No matter where I go, the Shame Monster lurks.

I've been exceptionally lucky thus far in this life, or at least I think that's what Oprah would say, as would 99% of the population of Earth. The pain I've experienced has been almost entirely self-inflicted, perhaps because I've had it so easy and would otherwise be bored, or possibly because I have some sort of internal defect or flaw, or indeed because I've got a bad case of self-directed sociopathic tendencies.

I love Martha Beck. She says that when you're on the right path, the Universe conspires to assist you, and when you're not… well, it keeps sending reminders. Like my GPS, Shirley T, who never says, "WRONG! WRONG!" she just says, "Recalculating."

I'm recalculating.

And recalculating.

On Friday I went to Divorce Court with my husband. We sat next to one another while the other couples sat across the aisles, spewing silent hate-balls and shooting eye-daggers. We thought we were attending something personal where a judge would give us dirty looks and ask us with puppy dog eyes, "why couldn't you just make it work?" I was prepared for the judge to ask me if I was pregnant, and when I said no, ask me again if I was sure. But I wasn't ready for what actually happened.

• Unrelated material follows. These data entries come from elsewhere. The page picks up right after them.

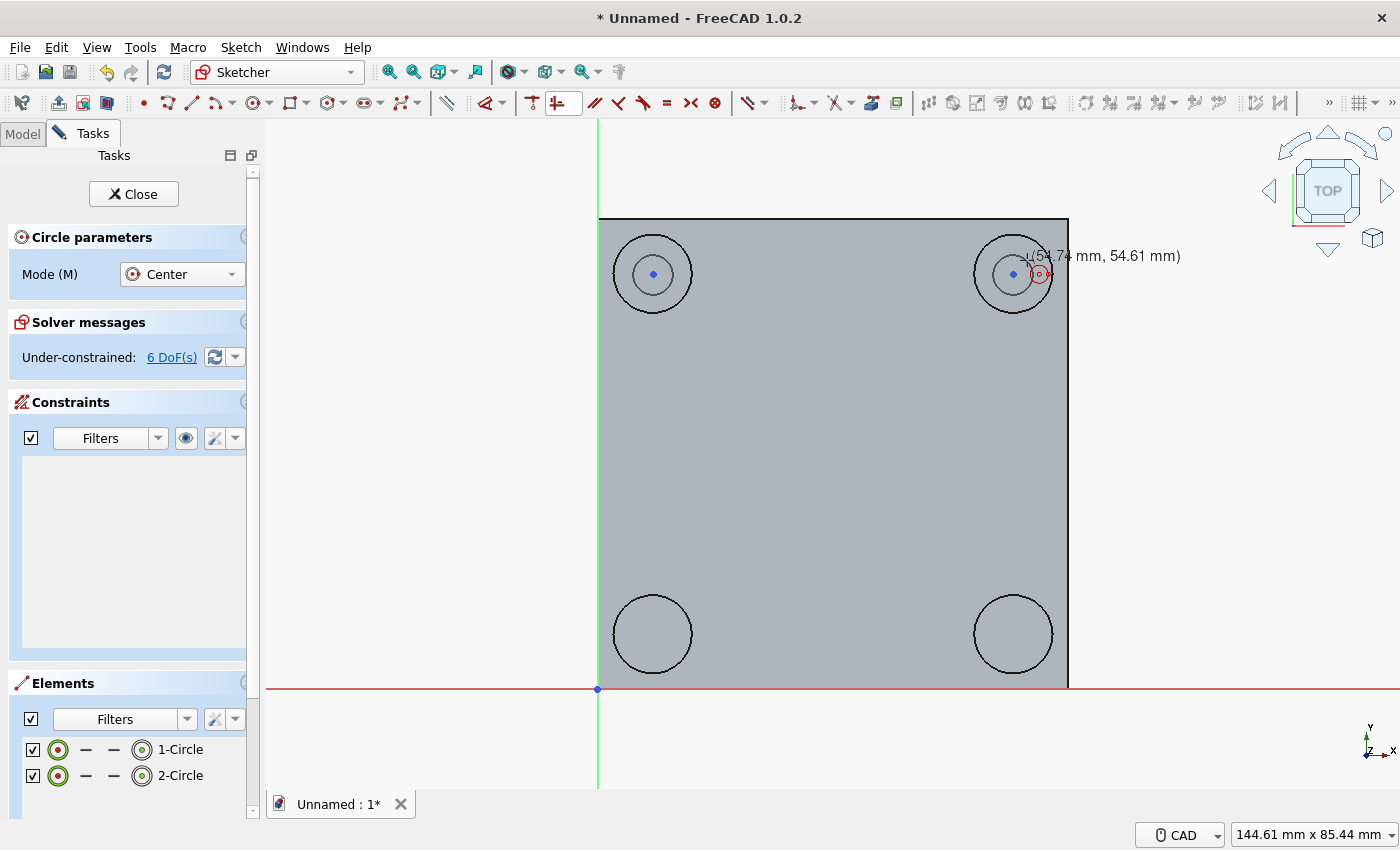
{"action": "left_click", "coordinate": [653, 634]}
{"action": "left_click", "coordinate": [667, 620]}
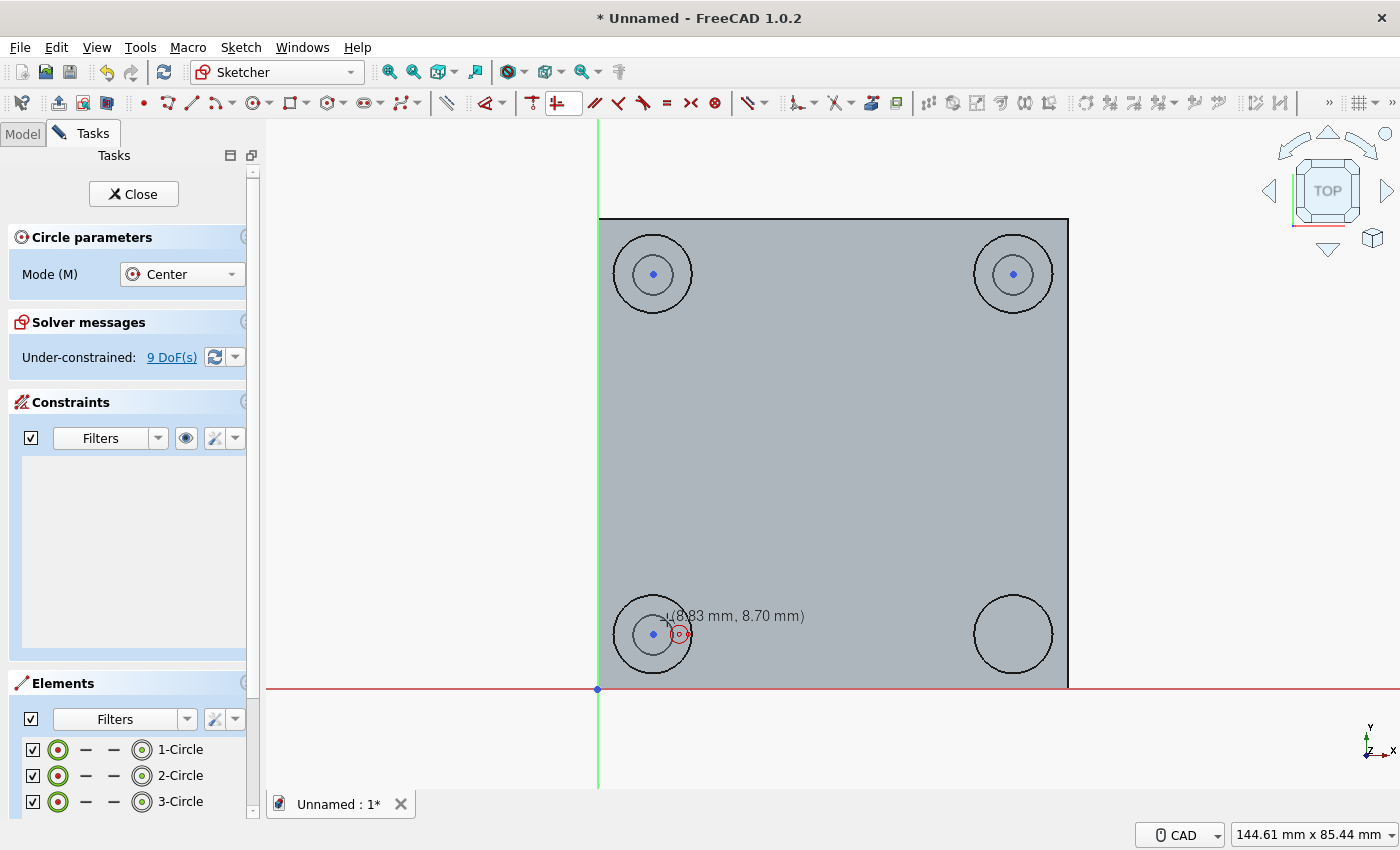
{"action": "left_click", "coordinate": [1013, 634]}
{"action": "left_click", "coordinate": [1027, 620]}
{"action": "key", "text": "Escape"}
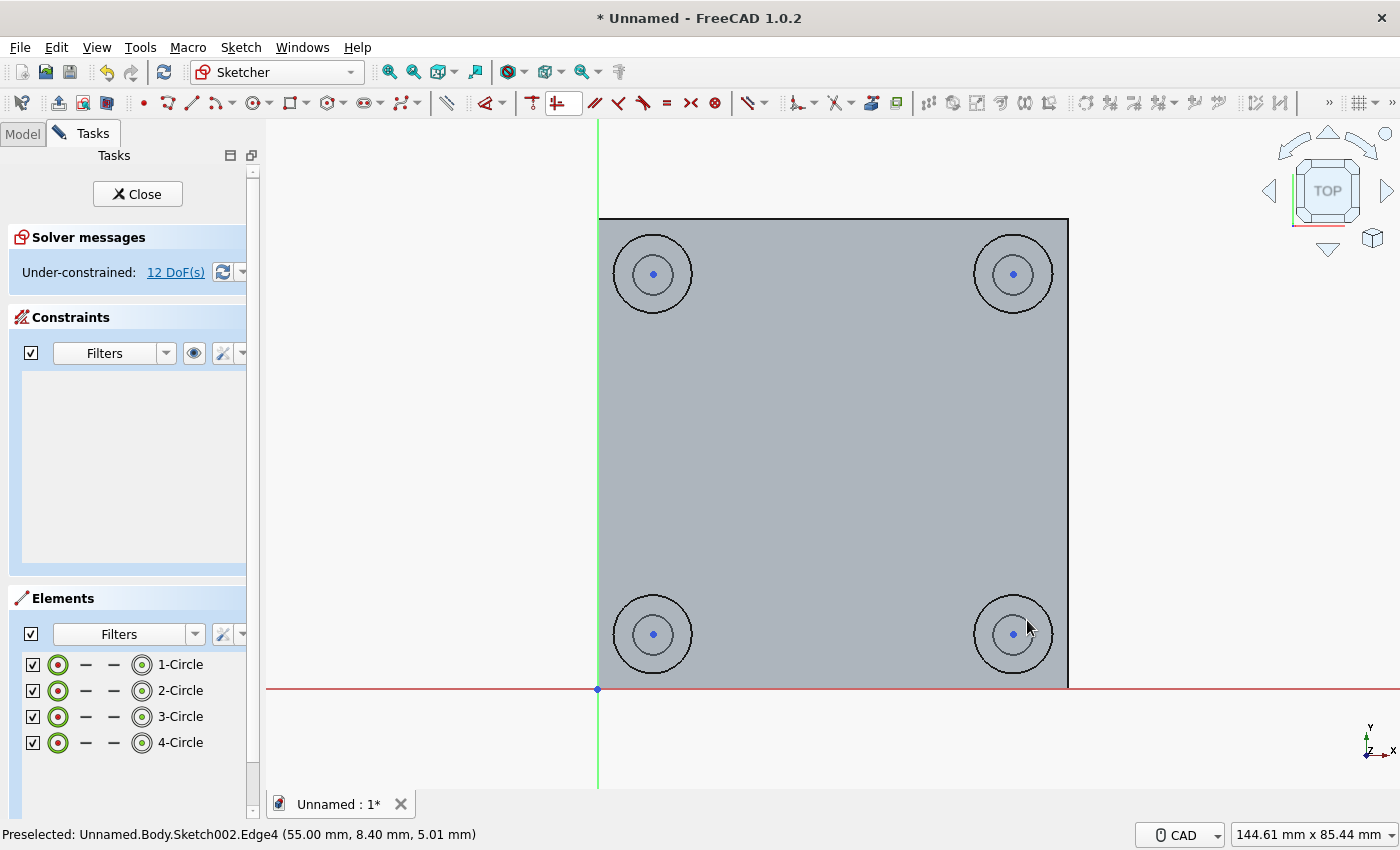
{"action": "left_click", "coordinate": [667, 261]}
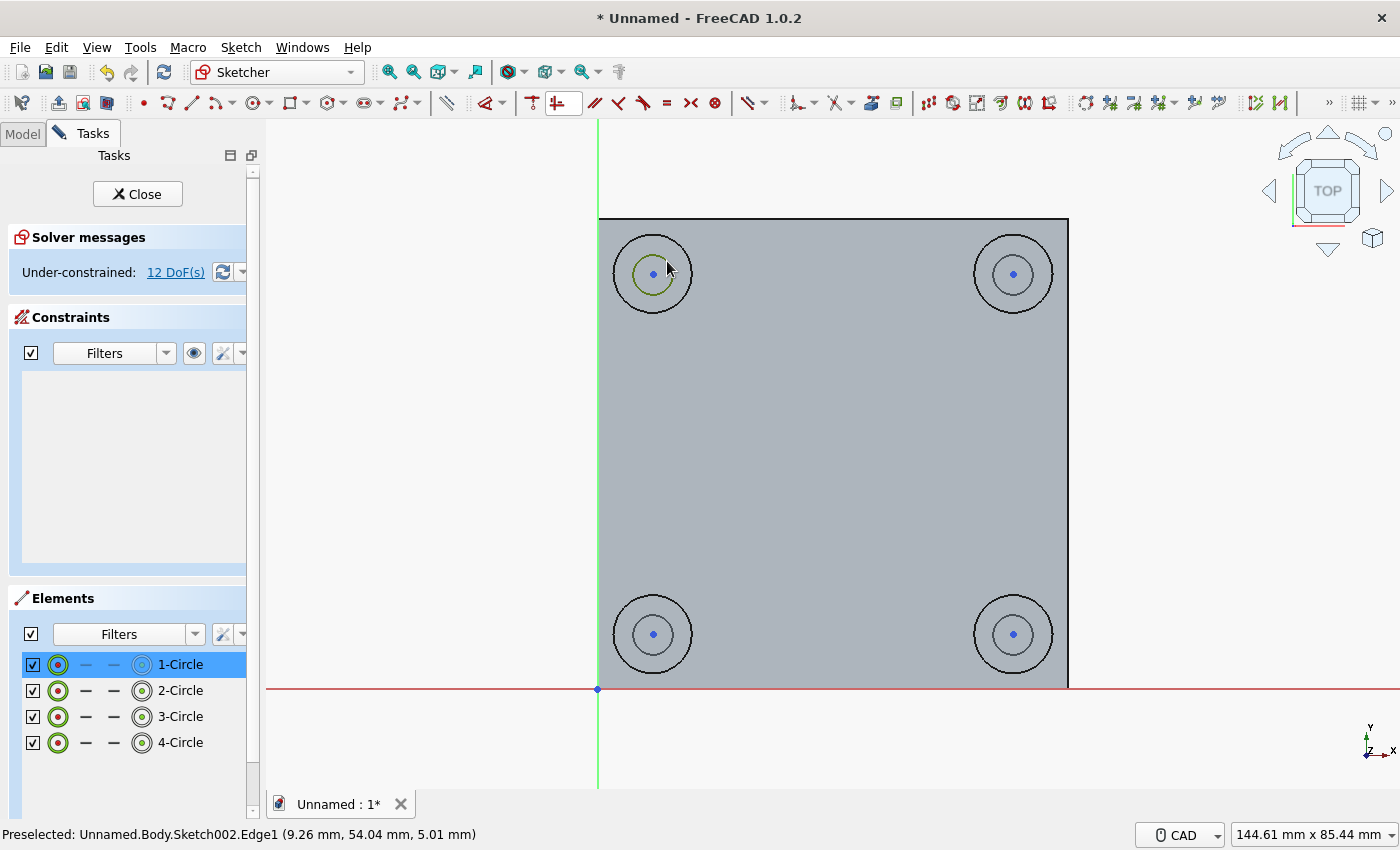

Two things broke my spirit on Friday. One, the unfortunate man whose job was to interpret an exceptionally boring flow chart for the masses did his darndest to keep us entertained as he essentially told us five minutes worth of information in two hours. He did this using a narrative style, which I appreciate from the days of working in college admission. Keeping an audience when the subject matter is bleak isn't easy, but his narrative was horrendous. Humbling. Humiliating.

We were a mixed crowd, the 20 other couples and I. Some had children, others did not. As such, our flow charts contained different information. In order to describe the importance of a childcare agreement, Mr. Not Judge described the process of having and raising a child in excruciating detail. "You loved each other, so you decided to have a baby. You wanted the best for your baby and talked about what you would feed it, where it would go to school, how you would teach it values, whether or not it would participate in a religion..."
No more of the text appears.